Karyawan menghitung uang rupiah di salah satu tempat penukaran mata uang di Jakarta, Kamis (4/6/2026). (Bloomberg Technoz/Andrean Kristianto)
Karyawan menghitung uang rupiah di salah satu tempat penukaran mata uang di Jakarta, Kamis (4/6/2026). (Bloomberg Technoz/Andrean Kristianto)

Bloomberg Technoz, Jakarta - Menteri Sekretaris Negara Prasetyo Hadi membantah Presiden Prabowo Subianto tak memantau intens perkembangan nilai tukar rupiah terhadap dolar Amerika Serikat (AS).
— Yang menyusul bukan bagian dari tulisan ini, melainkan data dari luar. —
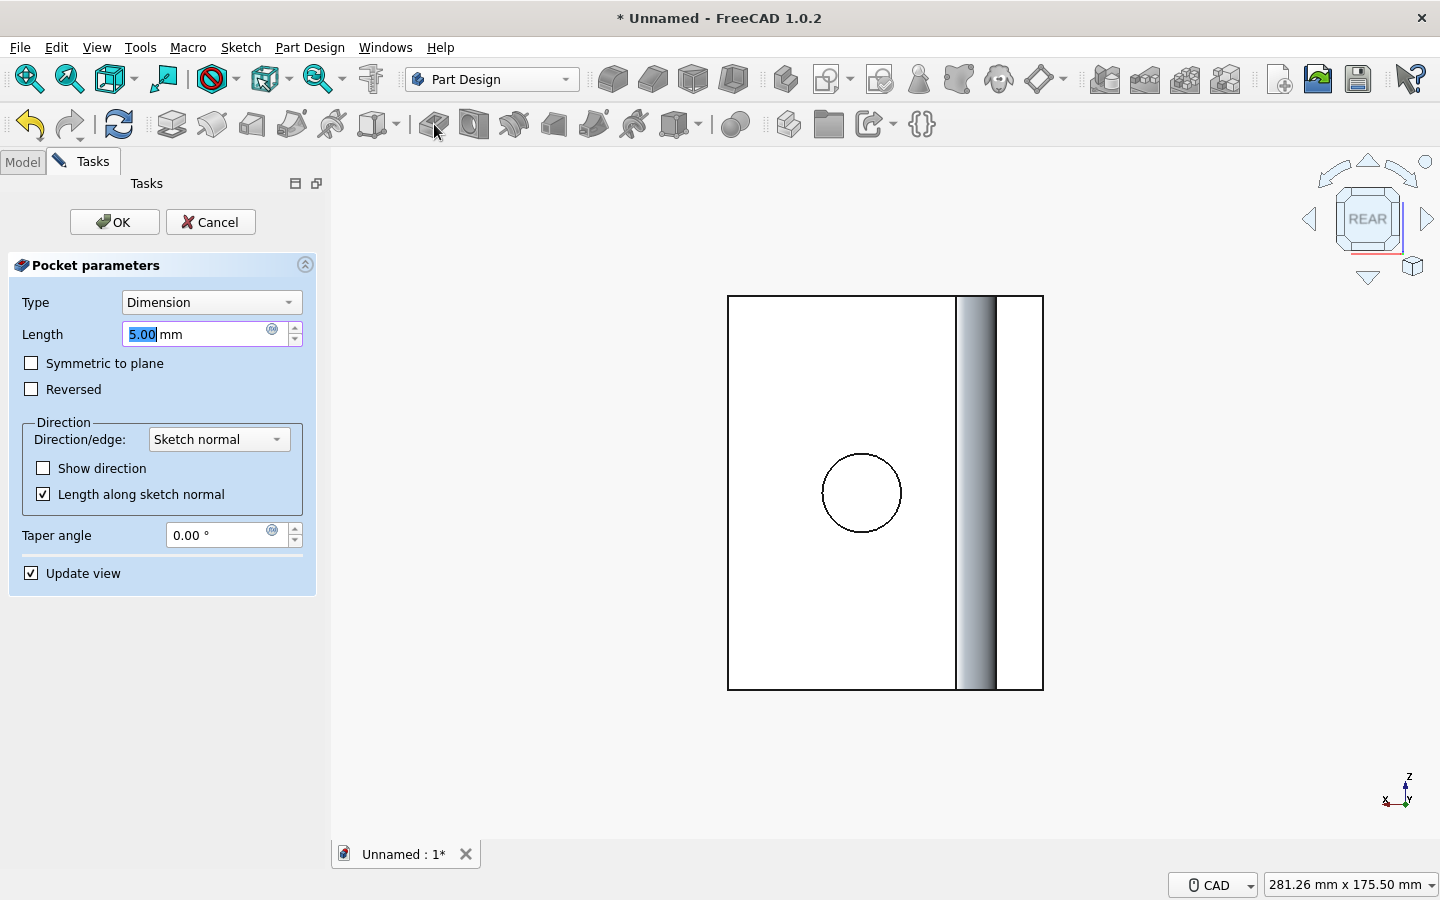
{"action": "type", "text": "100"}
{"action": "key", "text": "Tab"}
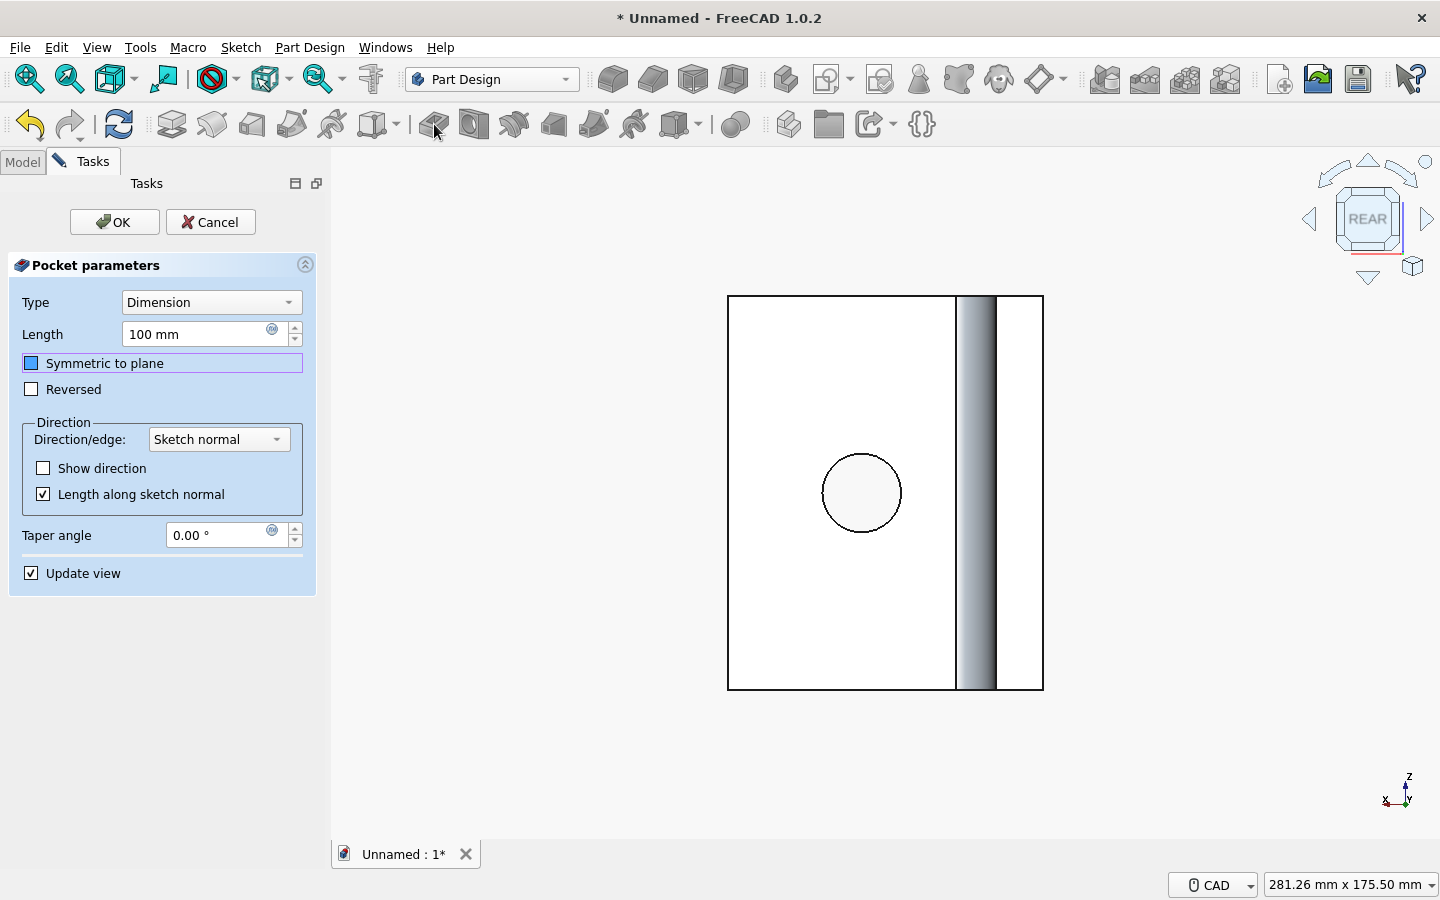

Menurut dia, pemerintah sangat intens melakukan pembahasan terkait kondisi rupiah dengan otoritas fiskal–moneter dan pelaku ekonomi.

“Lho, kita rapatnya intens. Pertemuan antara pelaku-pelaku otoritas ekonomi itu intens,” kata dia kepada awak media, di Kompleks DPR/MPR, Sabtu (06/06/2026).

Menurut Prasetyo, meskipun rupiah belakangan terus melemah, bukan berarti komunikasi yang dilakukan pemerintah dengan otoritas fiskal dan moneter tidak dijalankan. Toh, dia menilai pelemahan rupiah yang terjadi belakangan terjadi dipengaruhi oleh berbagai faktor.


“Kemandirian kita secara ekonomi itu juga mempengaruhi kekuatan mata uang kita gitu. Ada beberapa yang masih ketergantungan impor itu juga akan mempengaruhi. Makanya ini tidak bisa berdiri sendiri begitu,” ucap dia.

Oleh sebab itu, Prasetyo menilai saat ini kerja sama yang baik antara otoritas fiskal dan moneter bakal terus diperkuat guna memperkuat nilai tukar rupiah.